• Exercise objective: The entries below contain a line with "maker's years: 1742-1803" and a line with "description: Prent waarschijnlijk". Quote exactly those two lines and all lines between them.

• Records shown:
[Start of section]

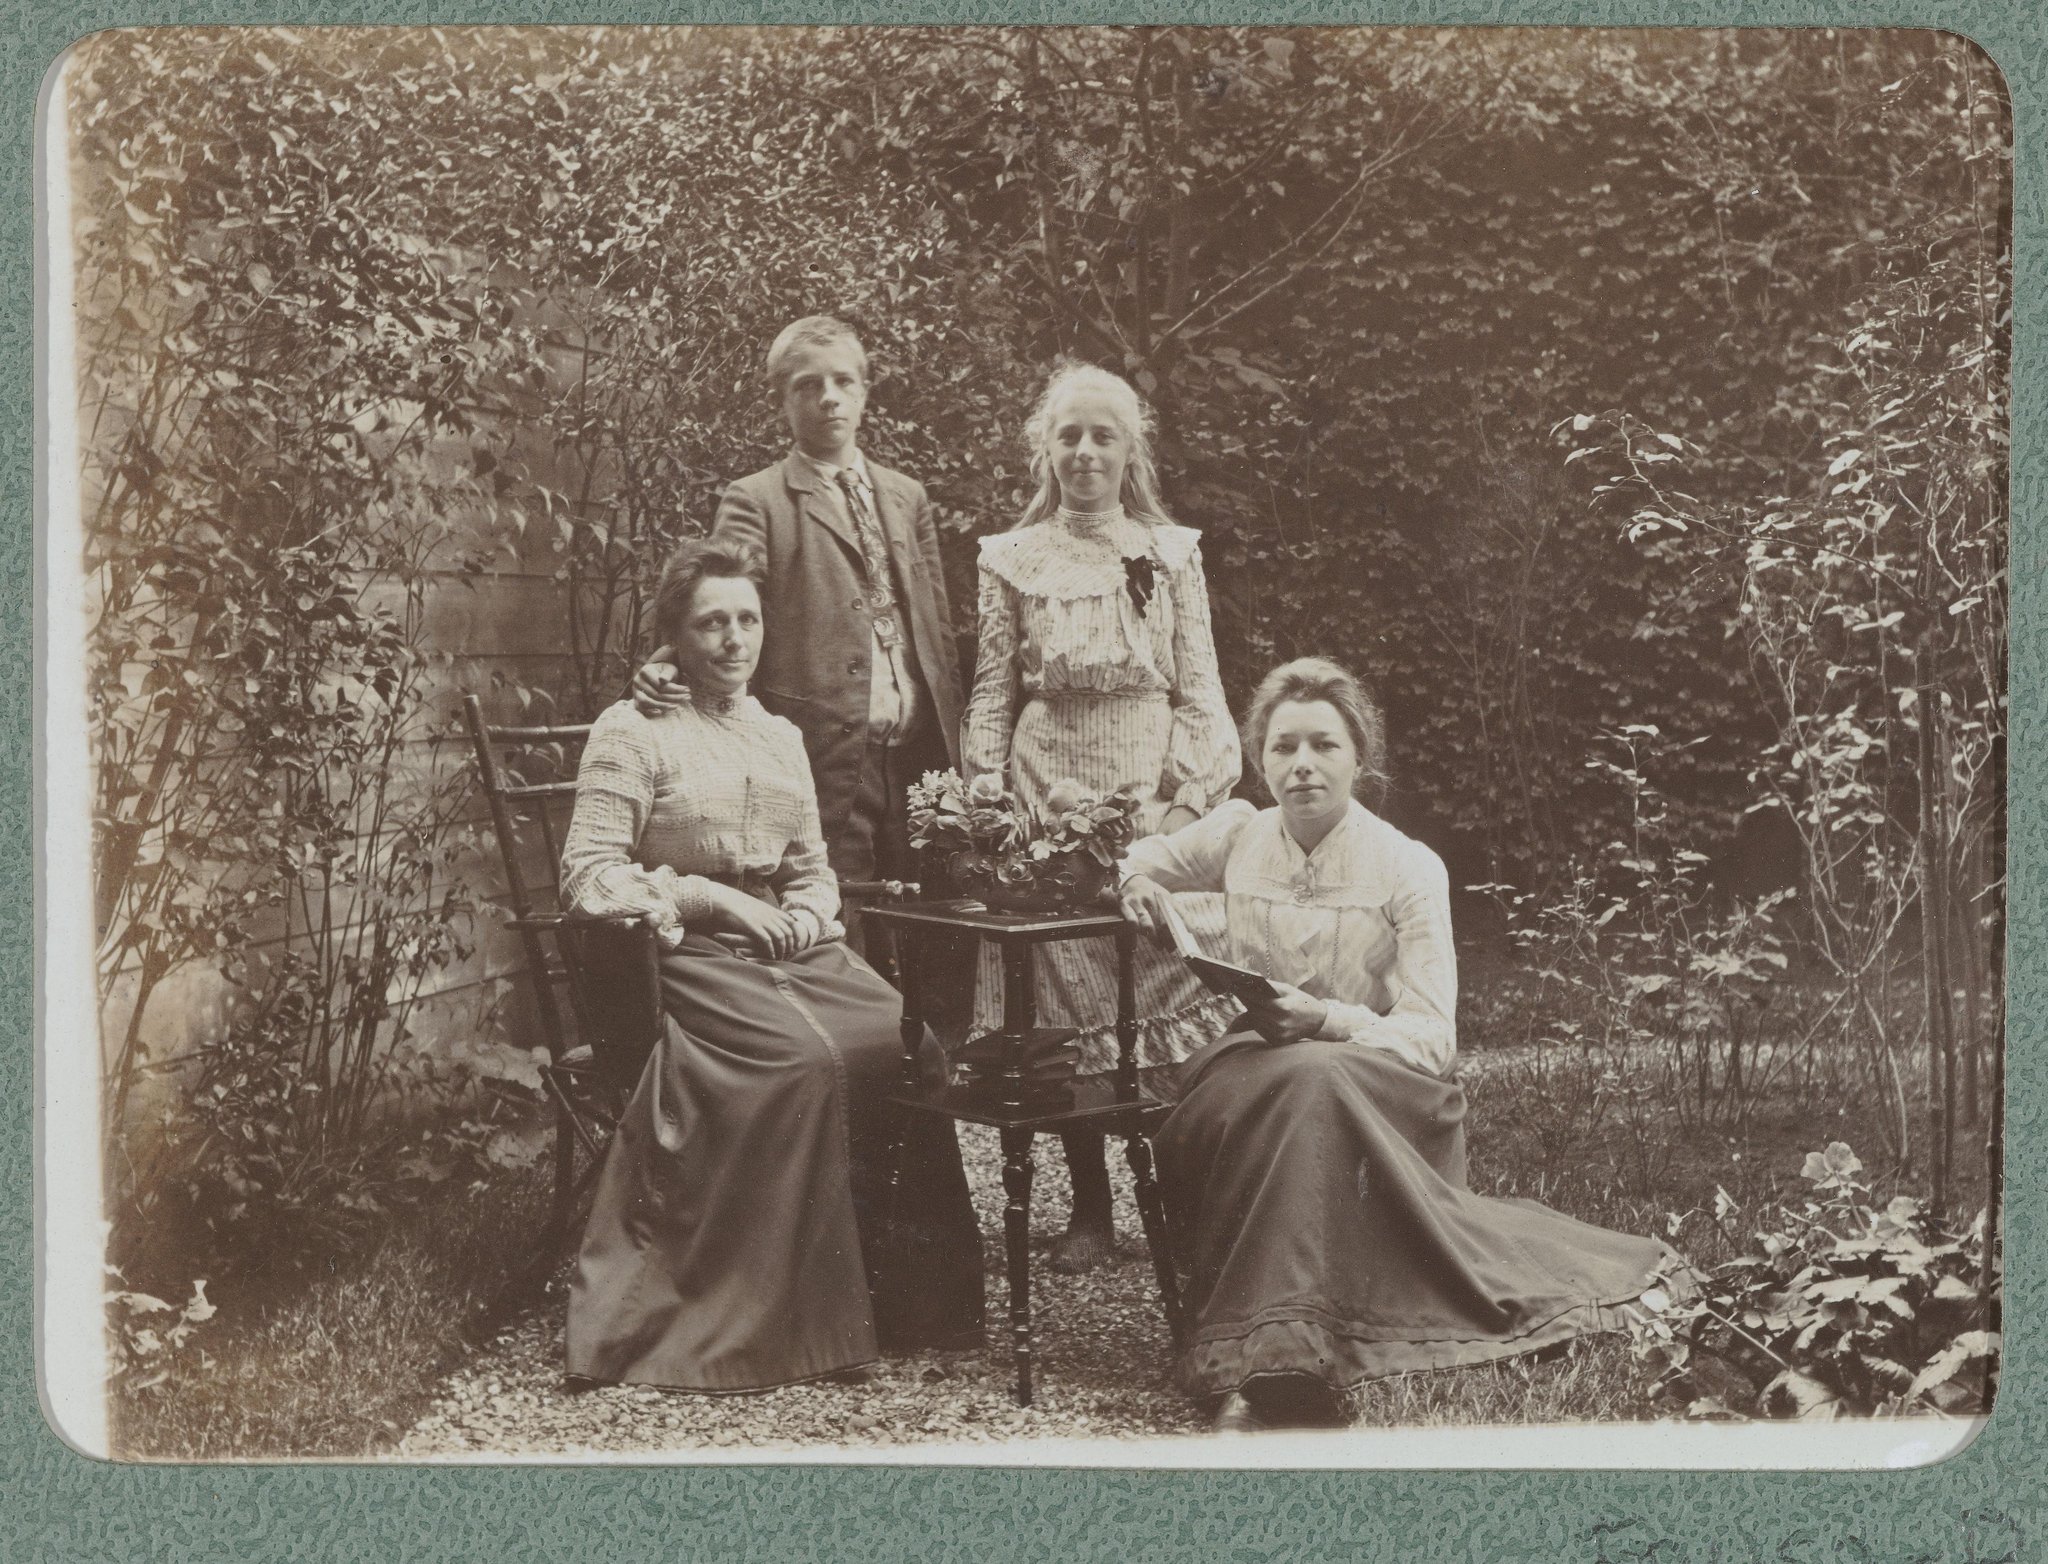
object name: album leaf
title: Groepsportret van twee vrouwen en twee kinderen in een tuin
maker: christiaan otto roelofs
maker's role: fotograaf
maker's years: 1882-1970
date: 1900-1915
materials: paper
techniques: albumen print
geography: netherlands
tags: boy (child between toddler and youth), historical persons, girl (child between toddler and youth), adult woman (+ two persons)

[End of section]
[Start of section]

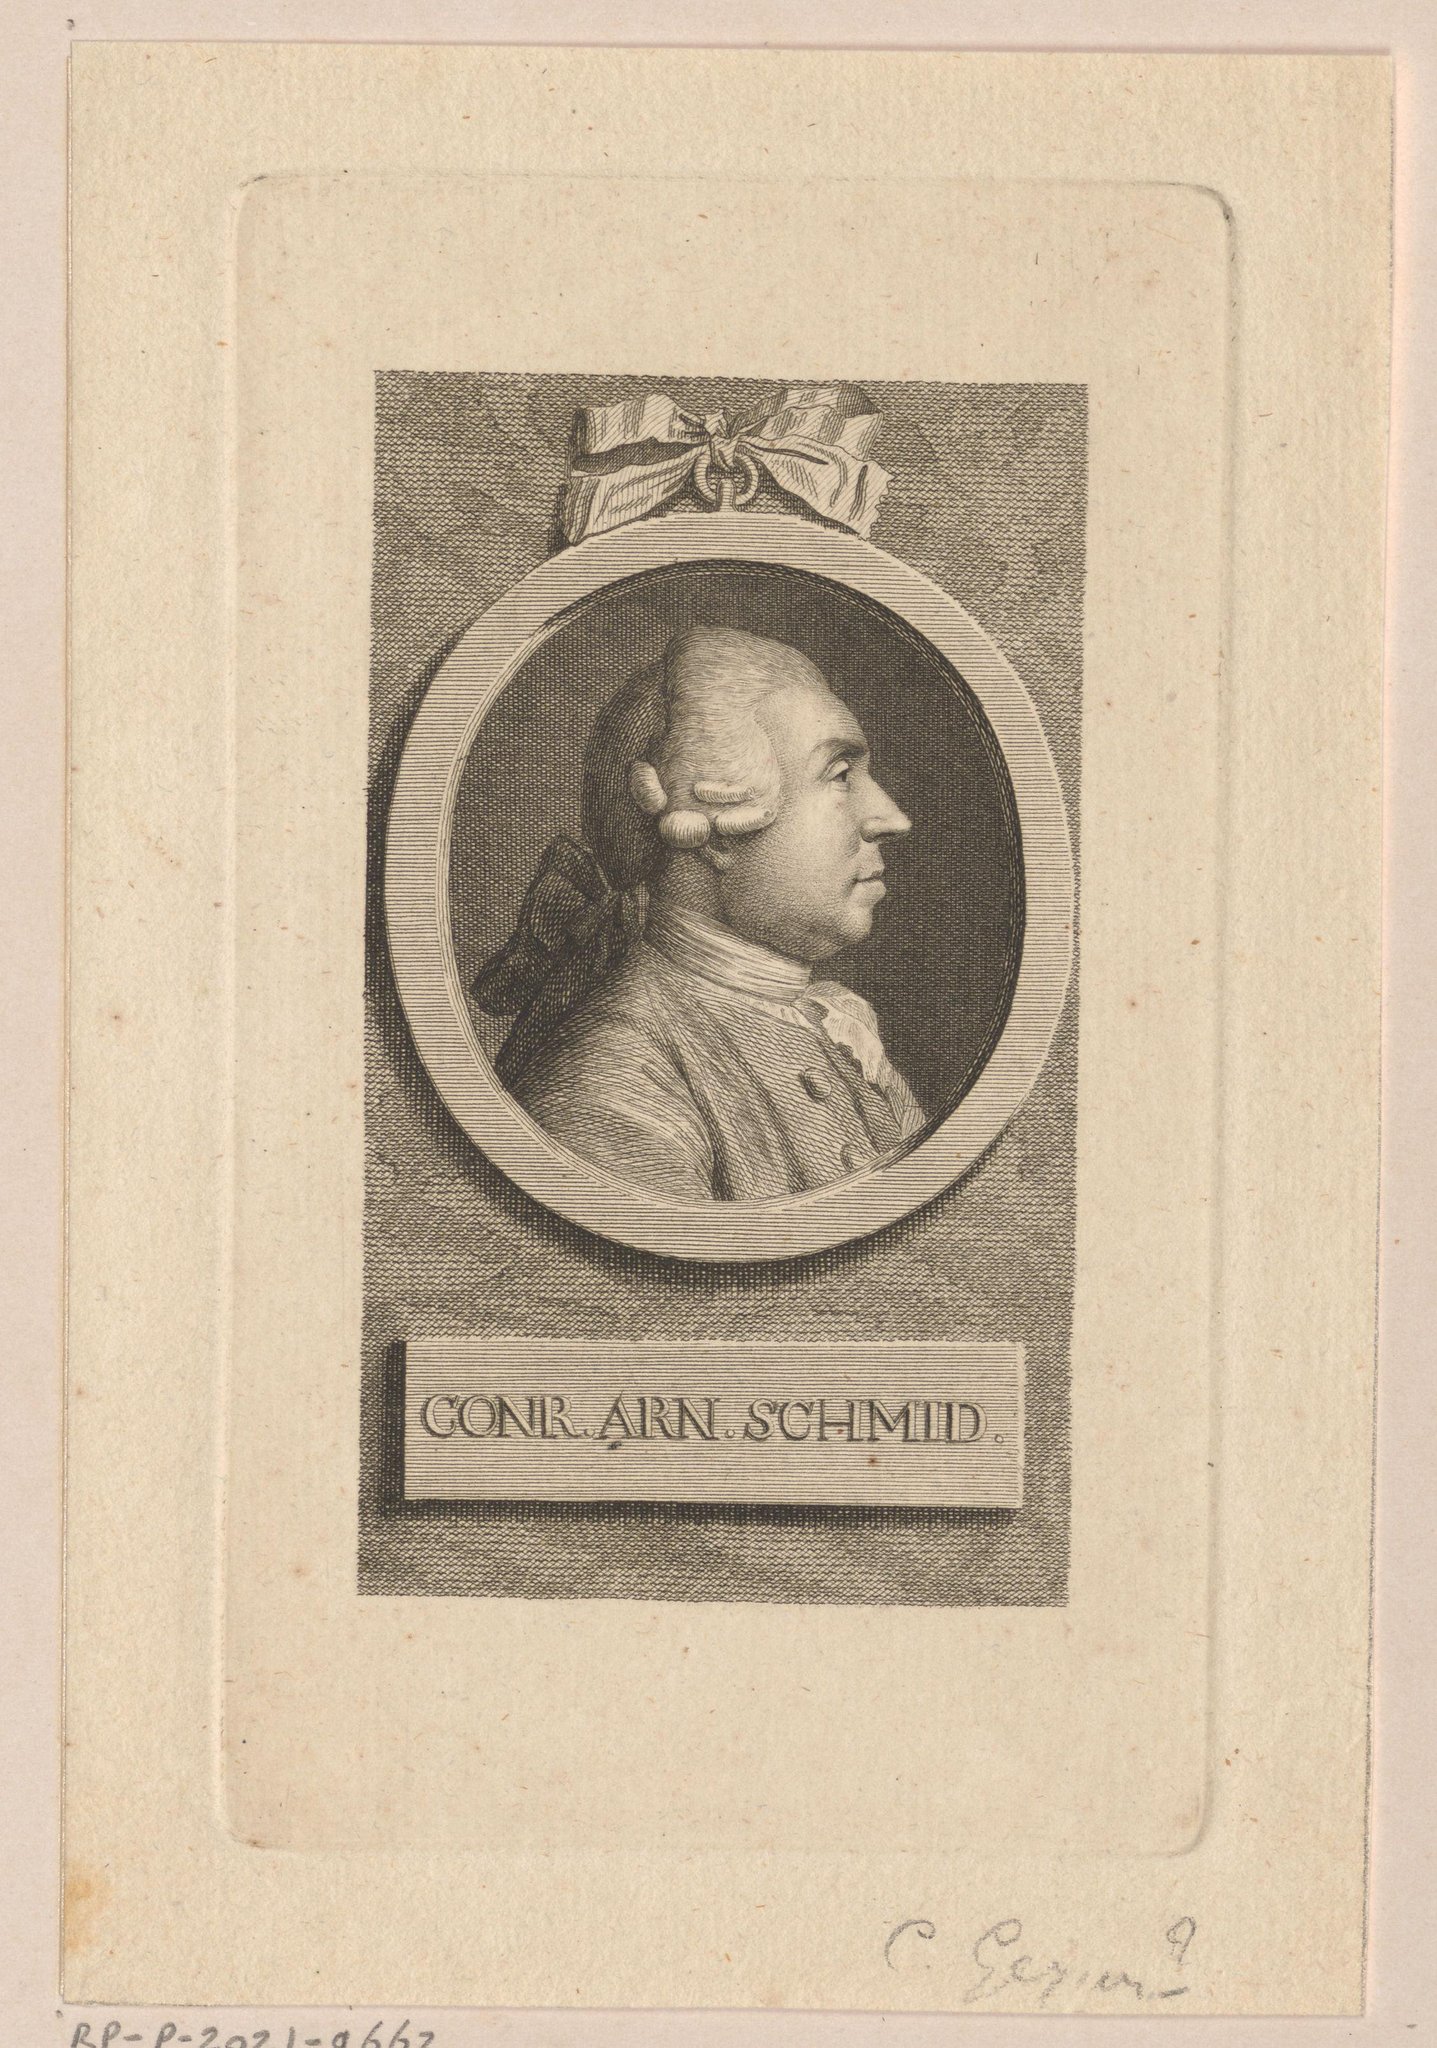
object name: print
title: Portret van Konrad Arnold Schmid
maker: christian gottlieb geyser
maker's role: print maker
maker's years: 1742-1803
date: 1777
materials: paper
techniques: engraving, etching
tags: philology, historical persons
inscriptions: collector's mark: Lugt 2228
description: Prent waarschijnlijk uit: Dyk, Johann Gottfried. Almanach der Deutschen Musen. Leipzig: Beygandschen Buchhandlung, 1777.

[End of section]

• Finished exercise:
maker's years: 1742-1803
date: 1777
materials: paper
techniques: engraving, etching
tags: philology, historical persons
inscriptions: collector's mark: Lugt 2228
description: Prent waarschijnlijk uit: Dyk, Johann Gottfried. Almanach der Deutschen Musen. Leipzig: Beygandschen Buchhandlung, 1777.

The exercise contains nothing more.